• **YOUR GOAL**: If a line in the records below holds the word "name", copy it.
(ENTRIES SUPPLIED)
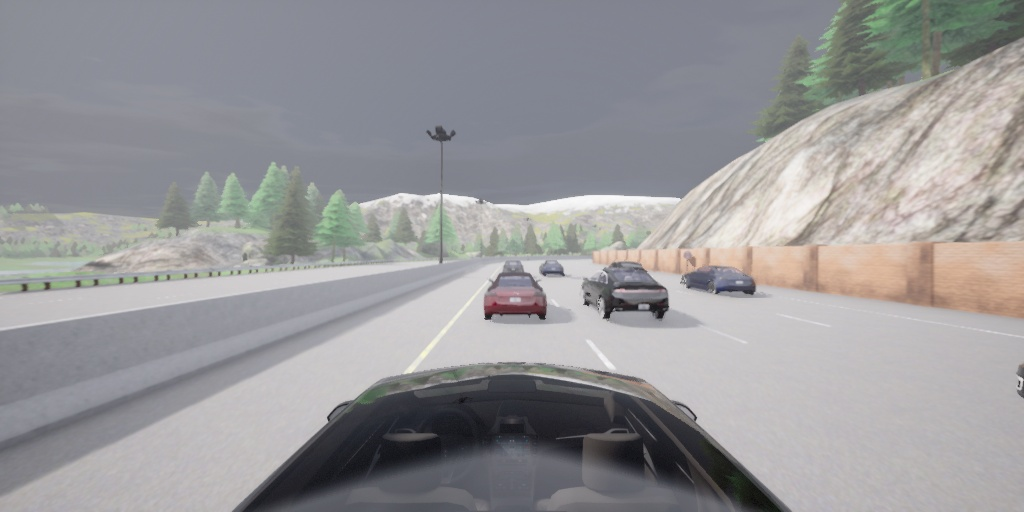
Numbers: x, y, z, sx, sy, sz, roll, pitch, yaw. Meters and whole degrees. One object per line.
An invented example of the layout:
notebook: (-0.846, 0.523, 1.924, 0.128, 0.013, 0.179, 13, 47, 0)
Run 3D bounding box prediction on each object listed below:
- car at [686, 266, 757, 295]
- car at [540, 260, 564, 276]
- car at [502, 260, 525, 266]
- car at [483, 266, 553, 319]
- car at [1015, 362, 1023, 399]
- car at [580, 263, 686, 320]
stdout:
car: (10.597, 1.181, 18.702, 1.994, 1.385, 4.181, 0, 0, 0)
car: (3.591, 1.068, 33.001, 1.994, 1.385, 4.181, 0, 0, 0)
car: (0.093, 1.071, 30.532, 2.033, 1.411, 5.357, 0, 0, 0)
car: (0.097, 1.230, 12.417, 1.994, 1.385, 4.181, 0, 0, 0)
car: (7.101, 1.251, 2.287, 1.837, 1.490, 4.892, 0, 0, 0)
car: (3.597, 1.159, 12.200, 2.128, 1.511, 4.902, 0, 0, 0)
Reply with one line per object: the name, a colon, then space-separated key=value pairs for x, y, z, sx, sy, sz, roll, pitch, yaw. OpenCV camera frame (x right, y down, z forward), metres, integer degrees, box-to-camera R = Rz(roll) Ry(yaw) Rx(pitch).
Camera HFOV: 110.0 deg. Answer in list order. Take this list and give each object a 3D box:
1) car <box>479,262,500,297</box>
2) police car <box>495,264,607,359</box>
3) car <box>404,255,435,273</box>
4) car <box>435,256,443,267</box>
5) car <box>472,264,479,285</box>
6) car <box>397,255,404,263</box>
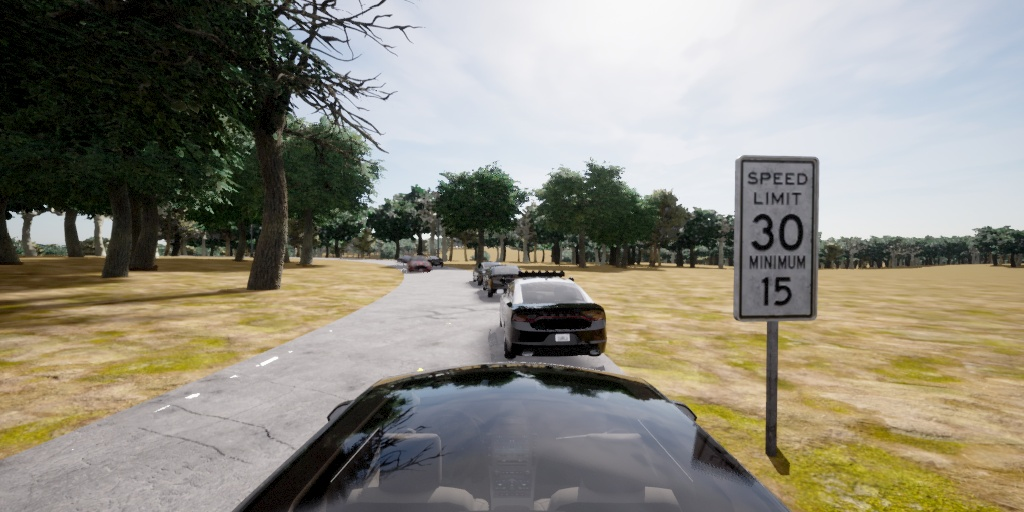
car: x=-0.458 y=1.174 z=18.655 sx=1.882 sy=1.535 sz=5.008 roll=0 pitch=1 yaw=-9
police car: x=0.682 y=1.167 z=8.615 sx=1.930 sy=1.638 sz=5.238 roll=0 pitch=0 yaw=-4
car: x=-9.646 y=0.784 z=37.064 sx=2.097 sy=1.767 sz=4.553 roll=0 pitch=1 yaw=-20
car: x=-10.550 y=0.702 z=47.797 sx=1.882 sy=1.535 sz=5.008 roll=0 pitch=1 yaw=-25
car: x=-1.596 y=1.142 z=24.680 sx=1.837 sy=1.490 sz=4.892 roll=0 pitch=1 yaw=-12
car: x=-18.386 y=0.513 z=61.891 sx=1.994 sy=1.385 sz=4.181 roll=-1 pitch=1 yaw=-35
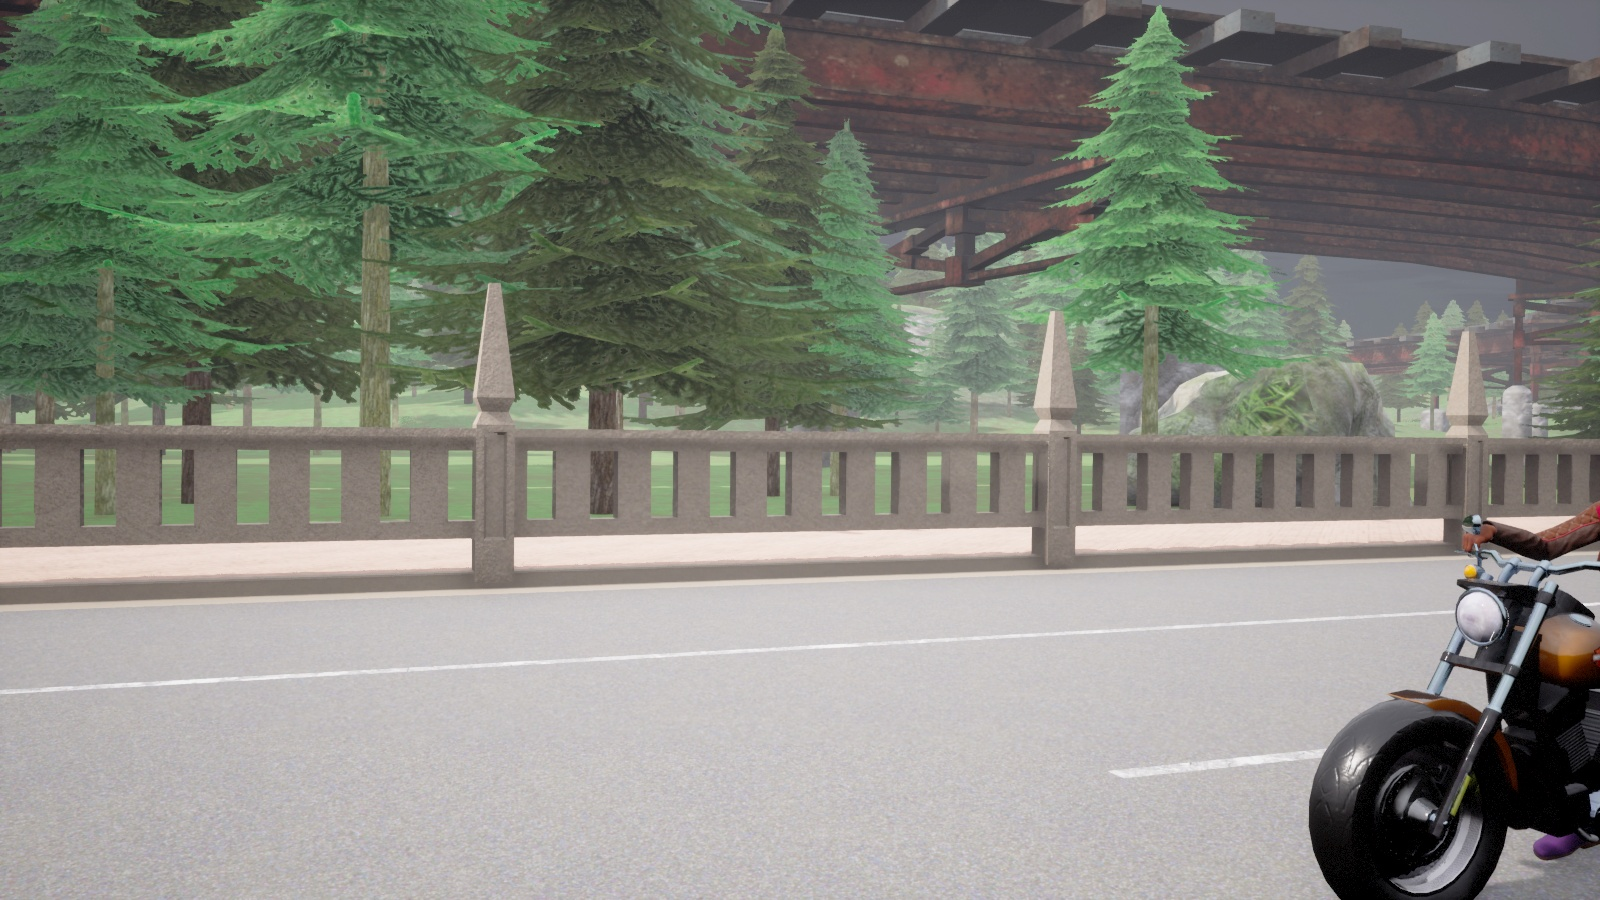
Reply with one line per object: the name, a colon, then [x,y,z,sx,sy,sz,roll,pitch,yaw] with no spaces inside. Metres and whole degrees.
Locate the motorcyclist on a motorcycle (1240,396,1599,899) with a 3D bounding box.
motorcyclist on a motorcycle: [2.716,0.650,4.271,2.350,1.649,0.766,-1,1,-21]
(End ENTRIES SUPPLIED)
• **EXERCISE OUTPUT**:
Reply with one line per object: the name, a colon, then space-separated key=value pairs for x, y, z, sx, sy, sz, roll, pitch, yaw. OpenCV camera frame (x right, y down, z forward), metres, integer degrees, box-to-camera R = Rz(roll) Ry(yaw) Rx(pitch).
Reply with one line per object: the name, a colon, then [x,y,z,sx,sy,sz,roll,pitch,yaw] with no spaces inside. Metres and whole degrees.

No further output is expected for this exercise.